In a matter of two weeks, the Nazis had roared through Luxembourg, crushed the Netherlands, marauded through Belgium and blitzed deeply into France. The French Army and British Expeditionary Force found themselves pressed onto the beaches of Dunkirk with their backs to the unforgiving waters of the English Channel. The Americans across the Atlantic made it very clear that they wouldn’t send their boys to any foreign wars. And Great Britain looked increasingly alone.
But as the grim events inexorably unfolded, the bulldogish Prime Minister Winston Churchill made it clear to his Cabinet: There would be no surrender. In the darkness of those days – days which anticipated the Blitz of screaming bomber attacks on the cities of England – Churchill growled to his band of brothers.
The House [of Commons] should prepare itself for hard and heavy tidings. I have only to add that nothing which may happen in this battle can in any way relieve us of our duty to defend the world cause to which we have vowed ourselves; nor should it destroy our confidence in our power to make our way, as on former occasions in our history, through disaster and through grief to the ultimate defeat of our enemies.
And within days, Churchill further pronounced,
I am convinced that every one of you would rise up and tear me down from my place if I were for one moment to contemplate parley or surrender. If this long island story of ours is to end at last, let it end only when each one of us lies choking in his own blood upon the ground.

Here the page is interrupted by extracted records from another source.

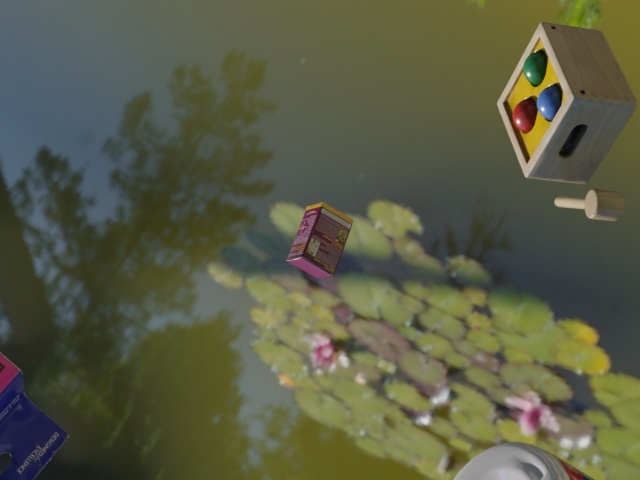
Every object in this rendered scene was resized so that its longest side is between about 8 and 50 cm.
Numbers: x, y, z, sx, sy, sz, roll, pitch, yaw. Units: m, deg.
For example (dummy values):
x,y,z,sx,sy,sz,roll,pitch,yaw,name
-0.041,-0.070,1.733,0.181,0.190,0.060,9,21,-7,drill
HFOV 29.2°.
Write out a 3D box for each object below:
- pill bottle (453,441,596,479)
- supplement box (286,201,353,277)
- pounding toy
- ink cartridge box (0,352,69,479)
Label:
x,y,z,sx,sy,sz,roll,pitch,yaw,name
0.202,0.248,0.937,0.221,0.124,0.124,32,153,-34,pill bottle
0.000,0.000,1.602,0.055,0.083,0.043,31,158,-25,supplement box
0.270,-0.108,1.386,0.094,0.206,0.181,5,137,-20,pounding toy
-0.406,0.119,1.100,0.371,0.176,0.069,46,149,-15,ink cartridge box
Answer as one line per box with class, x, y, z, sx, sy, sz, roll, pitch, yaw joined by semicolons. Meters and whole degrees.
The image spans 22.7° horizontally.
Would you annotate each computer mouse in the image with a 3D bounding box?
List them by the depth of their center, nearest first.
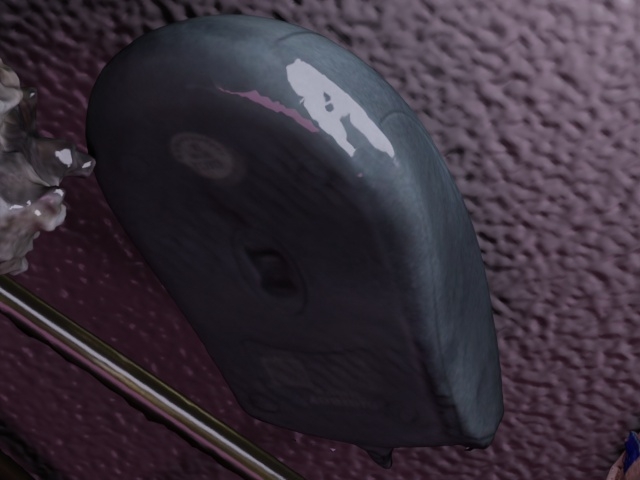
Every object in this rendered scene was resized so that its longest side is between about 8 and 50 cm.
computer mouse;0.000;0.000;0.926;0.188;0.122;0.371;5;138;27

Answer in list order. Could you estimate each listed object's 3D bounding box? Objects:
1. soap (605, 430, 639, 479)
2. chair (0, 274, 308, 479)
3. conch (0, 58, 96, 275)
soap;0.331;0.191;1.038;0.273;0.098;0.218;23;134;-8
chair;-0.227;0.215;1.021;0.365;0.362;0.410;-17;116;49
conch;-0.238;-0.059;0.820;0.241;0.186;0.313;10;175;-24
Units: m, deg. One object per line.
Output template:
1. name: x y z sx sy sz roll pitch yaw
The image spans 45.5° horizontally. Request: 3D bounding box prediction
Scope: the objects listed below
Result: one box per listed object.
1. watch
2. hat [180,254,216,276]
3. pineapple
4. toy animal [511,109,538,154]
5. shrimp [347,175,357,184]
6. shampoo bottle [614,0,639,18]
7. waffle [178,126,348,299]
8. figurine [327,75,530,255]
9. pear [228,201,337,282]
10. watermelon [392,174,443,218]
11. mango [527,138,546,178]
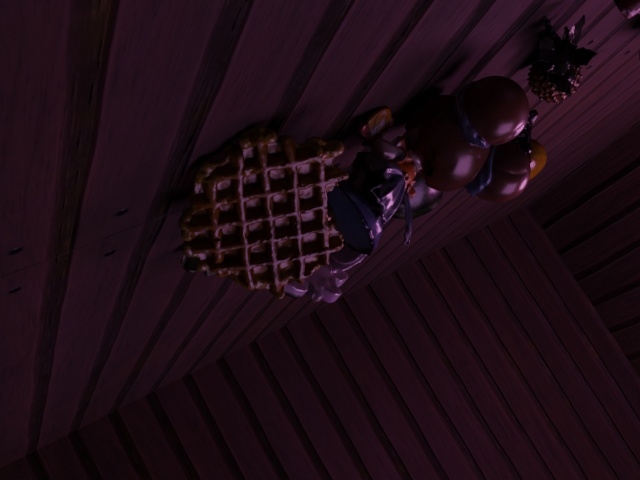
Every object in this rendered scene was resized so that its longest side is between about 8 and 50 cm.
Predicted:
1. watch: 0.000 0.000 1.624 0.244 0.196 0.231 7 129 -39
2. hat: -0.195 0.001 1.534 0.122 0.081 0.166 29 111 -32
3. pineapple: 0.478 -0.359 1.524 0.130 0.119 0.277 -61 168 5
4. toy animal: 0.440 -0.294 1.865 0.117 0.121 0.210 17 -177 40
5. shrimp: 0.087 -0.109 1.739 0.090 0.079 0.233 14 152 -20
6. shampoo bottle: 0.671 -0.511 1.411 0.260 0.064 0.102 -33 -160 43
7. waffle: -0.079 -0.039 1.230 0.282 0.058 0.300 10 120 -22
8. figurine: 0.199 -0.146 1.453 0.388 0.248 0.276 -36 140 -18
9. pear: -0.080 -0.014 1.403 0.211 0.188 0.229 -32 173 35
10. watermelon: 0.216 -0.140 1.783 0.193 0.137 0.145 0 158 -24
11. mango: 0.560 -0.224 2.298 0.262 0.129 0.167 -23 165 -11
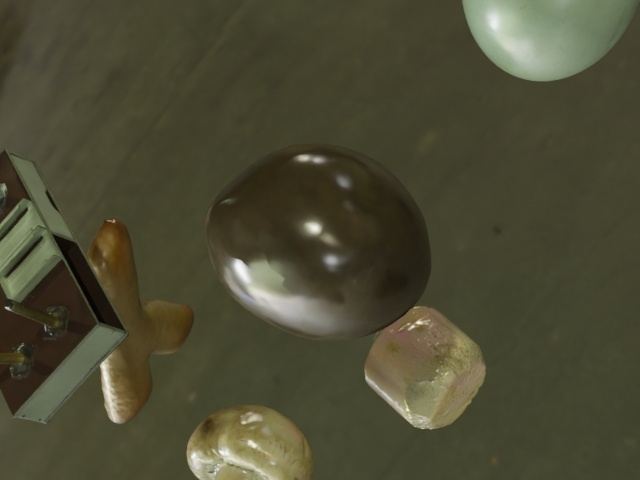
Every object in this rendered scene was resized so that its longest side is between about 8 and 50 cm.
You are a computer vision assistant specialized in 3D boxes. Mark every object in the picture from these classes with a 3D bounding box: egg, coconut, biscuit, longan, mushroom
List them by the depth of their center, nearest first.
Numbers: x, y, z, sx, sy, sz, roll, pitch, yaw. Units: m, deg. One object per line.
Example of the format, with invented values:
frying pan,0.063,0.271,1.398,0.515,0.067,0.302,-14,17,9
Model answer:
egg,0.194,-0.227,1.196,0.149,0.149,0.192,15,90,60
longan,0.000,0.000,1.338,0.198,0.212,0.198,24,-90,-82
mushroom,-0.074,0.239,1.571,0.148,0.148,0.112,-4,47,54
biscuit,-0.218,0.093,1.572,0.047,0.208,0.164,17,66,31
coconut,0.109,0.133,1.579,0.122,0.116,0.116,37,89,31

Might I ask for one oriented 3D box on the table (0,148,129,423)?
table,-0.291,0.029,1.299,0.121,0.111,0.240,-47,52,15
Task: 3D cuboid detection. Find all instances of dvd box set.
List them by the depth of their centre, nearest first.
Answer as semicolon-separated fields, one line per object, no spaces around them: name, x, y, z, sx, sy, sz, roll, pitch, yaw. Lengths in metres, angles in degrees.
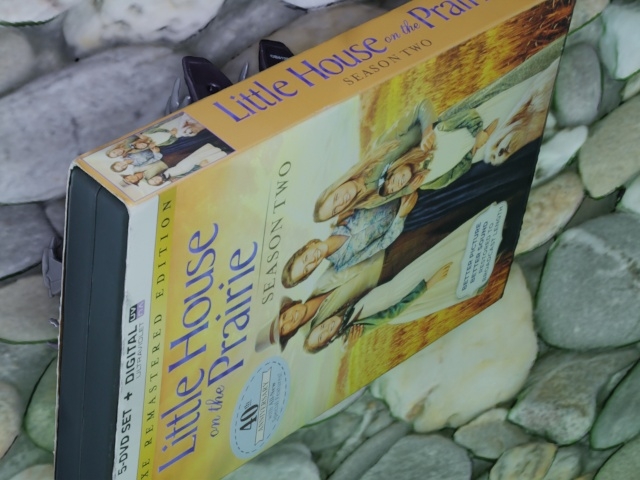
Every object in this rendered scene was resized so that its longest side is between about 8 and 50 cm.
dvd box set;0.000;0.000;1.264;0.420;0.062;0.307;-29;142;-38

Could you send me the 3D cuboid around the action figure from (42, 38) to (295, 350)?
action figure;-0.092;-0.001;1.307;0.185;0.099;0.285;-3;133;-36

That was the first and greatest weapon raised against the Nazi menace. Hope was the light that illuminated blood-stained rocks on embattled Pacific islands and cold corners of the blackest concentration camps. It fired the chilled soldiers in the wintry foxholes of Bastogne and it refreshed the dirt-coated liberators in North Africa. Hope wasn’t a component of victory; it was the key to it.
That is the essence of Advent.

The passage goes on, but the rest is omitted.